- Prove that $\mathbb{Q}(i) := \{a+bi: a,b\in\mathbb{Q}\}$ is a subring of $\mathbb{C}$ (can you check if my proof is correct)?
- Prove that $\mathbb{Q}(i)$ is a field (and that it is a subfield of $\mathbb{C}.$)
Side note: just to verify, $\mathbb{Q}(i)$ is NOT an ideal of $\mathbb{C},$ right? However, it is a subring, right?
1) We know $0\in \mathbb{Q}(i)$ so it is nonempty. Let $x\in\mathbb{Q}(i).$ Then $x=a+bi, a,b\in\mathbb{Q}.$ Since $a,b\in\mathbb{Q},$$a,b\in\mathbb{R},$ so $x\in\mathbb{C}.$
Additionally, $\sqrt{2}\in\mathbb{C}$ but $\sqrt{2}\not\in\mathbb{Q}(i),$ so $\emptyset\neq\mathbb{Q}(i)\subsetneq \mathbb{C}.$
Let $x,y\in \mathbb{Q}(i).$ Then $x=a+bi$ and $y=a_2+b_2i,$ where $a,a_2,b,b_2\in\mathbb{Q}.$ Thus $x-y=(a-a_2)+(b-b_2)i\in\mathbb{Q}$ as $(a-a_2)+(b-b_2)\in\mathbb{Q}.$ Additionally, $xy = (aa_2-bb_2)+(ba_2+ab_2)i\in\mathbb{Q}$ as $(aa_2-bb_2),(ba_2+ab_2)\in\mathbb{Q}.$ Therefore $\mathbb{Q}(i)$ is a subring of $\mathbb{C}.$
2) We already proved that $\mathbb{Q}(i)$ is a nonempty subset of $\mathbb{C},$ so we just need to show that it's a subfield. If my understanding is correct, then $\mathbb{Q}(i)$ is unital as $1\in\mathbb{Q}(i)$ and $\forall x\in \mathbb{Q}(i), 1\cdot x=x\cdot 1=x.$ Additionally, we show that $\mathbb{Q}(i)$ is commutative. Let $x,y\in \mathbb{Q}(i).$ Then $x=a+bi$ and $y=a_2+b_2i,$ where $a,a_2,b,b_2\in\mathbb{Q}.$ Thus $xy = (aa_2-bb_2)+(ba_2+ab_2)i$ and $yx=(a_2a-b_2b)+(a_2b+b_2a)i = xy$ by commutativity of multiplication.

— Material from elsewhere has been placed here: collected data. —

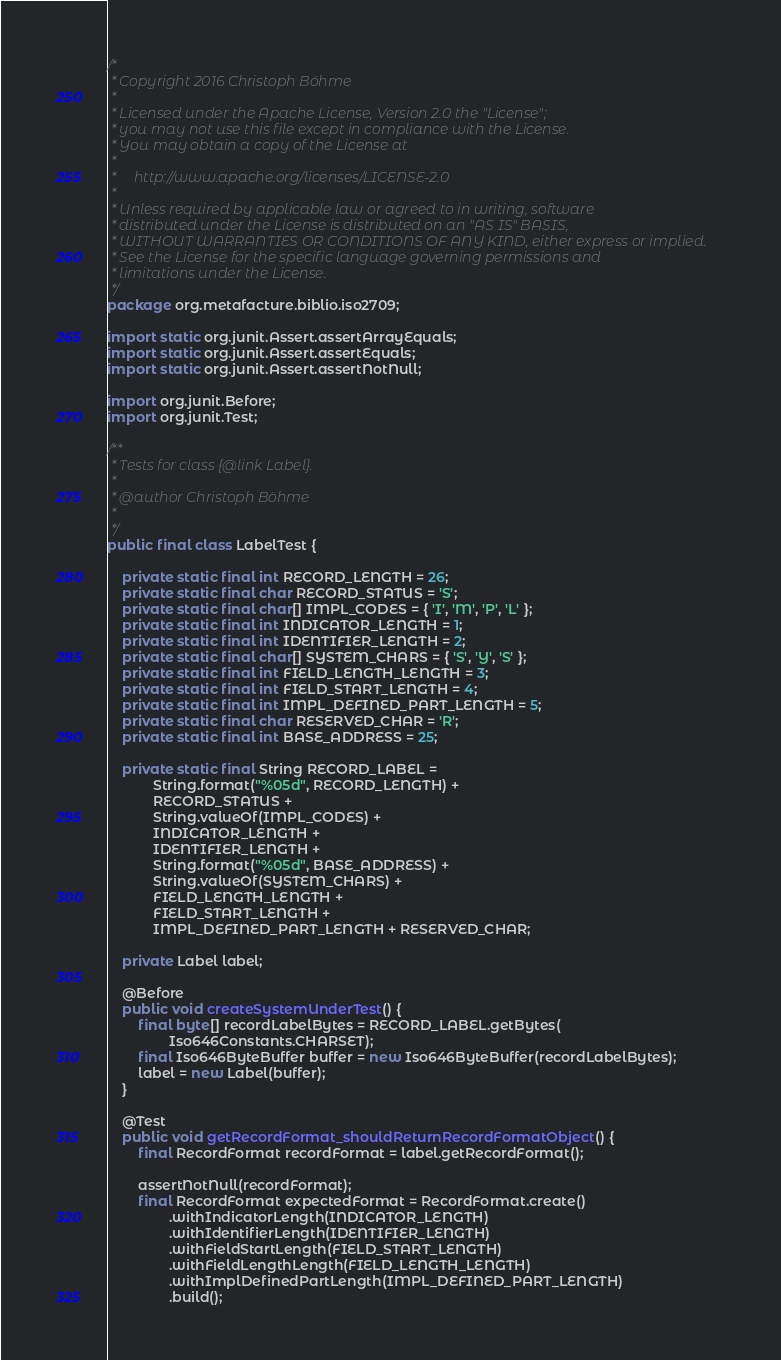Convert code to text. <code><loc_0><loc_0><loc_500><loc_500><_Java_>/*
 * Copyright 2016 Christoph Böhme
 *
 * Licensed under the Apache License, Version 2.0 the "License";
 * you may not use this file except in compliance with the License.
 * You may obtain a copy of the License at
 *
 *     http://www.apache.org/licenses/LICENSE-2.0
 *
 * Unless required by applicable law or agreed to in writing, software
 * distributed under the License is distributed on an "AS IS" BASIS,
 * WITHOUT WARRANTIES OR CONDITIONS OF ANY KIND, either express or implied.
 * See the License for the specific language governing permissions and
 * limitations under the License.
 */
package org.metafacture.biblio.iso2709;

import static org.junit.Assert.assertArrayEquals;
import static org.junit.Assert.assertEquals;
import static org.junit.Assert.assertNotNull;

import org.junit.Before;
import org.junit.Test;

/**
 * Tests for class {@link Label}.
 *
 * @author Christoph Böhme
 *
 */
public final class LabelTest {

	private static final int RECORD_LENGTH = 26;
	private static final char RECORD_STATUS = 'S';
	private static final char[] IMPL_CODES = { 'I', 'M', 'P', 'L' };
	private static final int INDICATOR_LENGTH = 1;
	private static final int IDENTIFIER_LENGTH = 2;
	private static final char[] SYSTEM_CHARS = { 'S', 'Y', 'S' };
	private static final int FIELD_LENGTH_LENGTH = 3;
	private static final int FIELD_START_LENGTH = 4;
	private static final int IMPL_DEFINED_PART_LENGTH = 5;
	private static final char RESERVED_CHAR = 'R';
	private static final int BASE_ADDRESS = 25;

	private static final String RECORD_LABEL =
			String.format("%05d", RECORD_LENGTH) +
			RECORD_STATUS +
			String.valueOf(IMPL_CODES) +
			INDICATOR_LENGTH +
			IDENTIFIER_LENGTH +
			String.format("%05d", BASE_ADDRESS) +
			String.valueOf(SYSTEM_CHARS) +
			FIELD_LENGTH_LENGTH +
			FIELD_START_LENGTH +
			IMPL_DEFINED_PART_LENGTH + RESERVED_CHAR;

	private Label label;

	@Before
	public void createSystemUnderTest() {
		final byte[] recordLabelBytes = RECORD_LABEL.getBytes(
				Iso646Constants.CHARSET);
		final Iso646ByteBuffer buffer = new Iso646ByteBuffer(recordLabelBytes);
		label = new Label(buffer);
	}

	@Test
	public void getRecordFormat_shouldReturnRecordFormatObject() {
		final RecordFormat recordFormat = label.getRecordFormat();

		assertNotNull(recordFormat);
		final RecordFormat expectedFormat = RecordFormat.create()
				.withIndicatorLength(INDICATOR_LENGTH)
				.withIdentifierLength(IDENTIFIER_LENGTH)
				.withFieldStartLength(FIELD_START_LENGTH)
				.withFieldLengthLength(FIELD_LENGTH_LENGTH)
				.withImplDefinedPartLength(IMPL_DEFINED_PART_LENGTH)
				.build();</code> 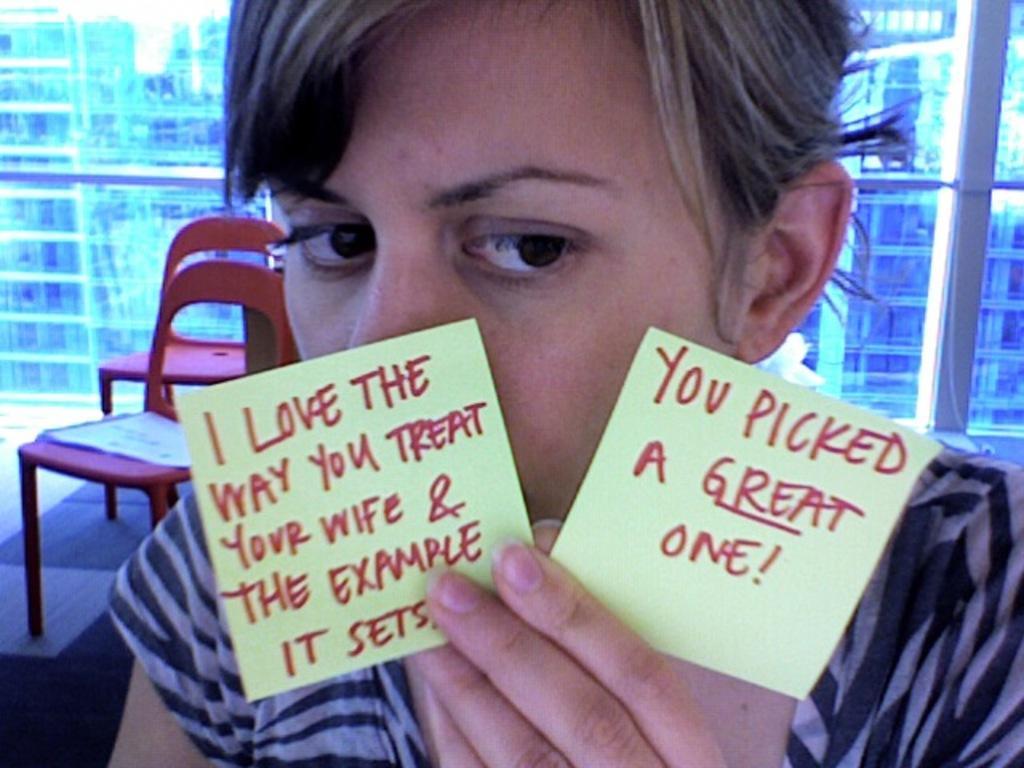Could you give a brief overview of what you see in this image? In the image there is a person in the foreground, the person is holding two slips with the hand and there are some sentences on the slips. Behind the person there are two empty chairs and in the background there are windows. 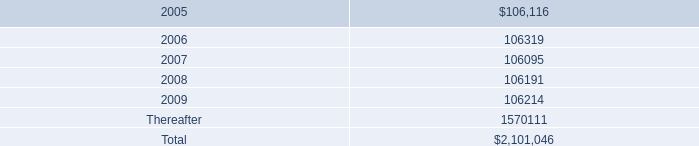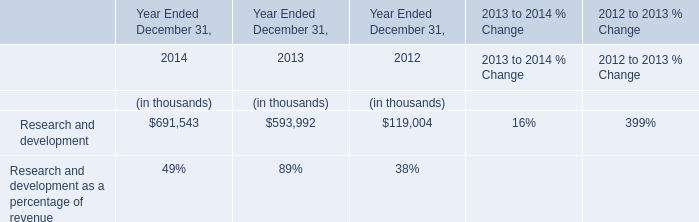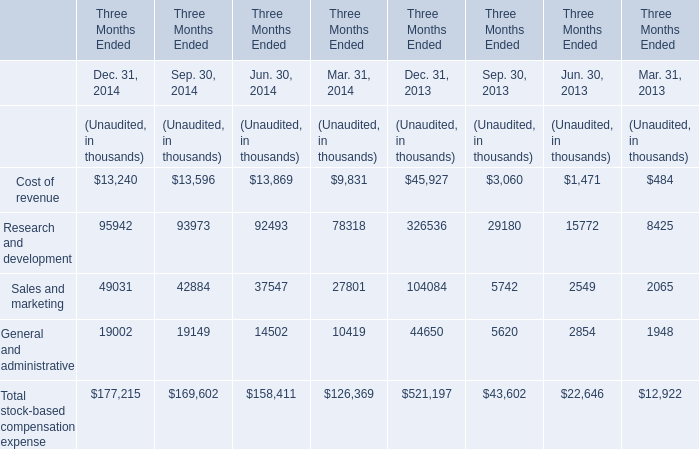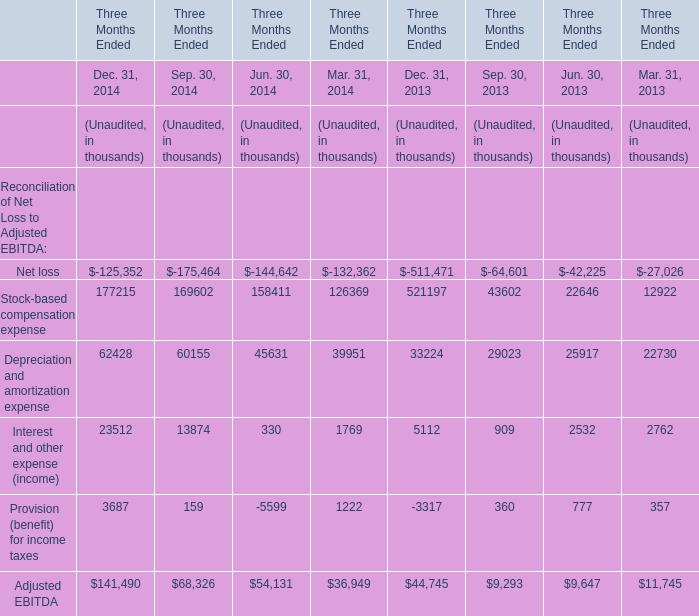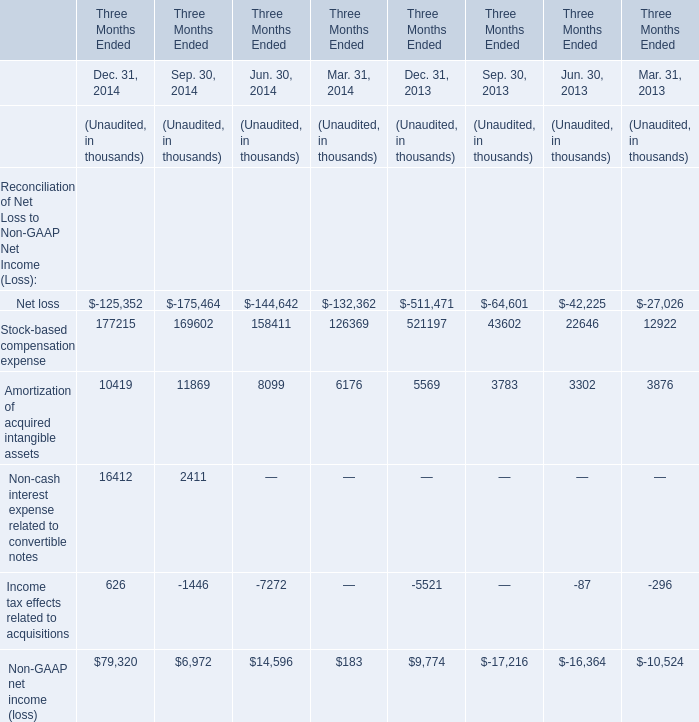Is the total amount of all elements in Dec.31,2014 greater than that in Dec.31,2013? 
Answer: No. 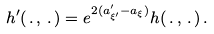Convert formula to latex. <formula><loc_0><loc_0><loc_500><loc_500>h ^ { \prime } ( \, . \, , \, . \, ) = e ^ { 2 ( a ^ { \prime } _ { \xi ^ { \prime } } - a _ { \xi } ) } h ( \, . \, , \, . \, ) \, .</formula>

Let $x=a+bi\in\mathbb{Q}(i)$ be a nonzero element. Then it has an inverse $\dfrac{a}{a^2+b^2}-\dfrac{b}{a^2+b^2}i\in\mathbb{Q}(i)$ as $\dfrac{a}{a^2+b^2},\dfrac{b}{a^2+b^2}\in\mathbb{Q}(i).$ Is this enough to show it's a field? I showed it for a general element, so maybe?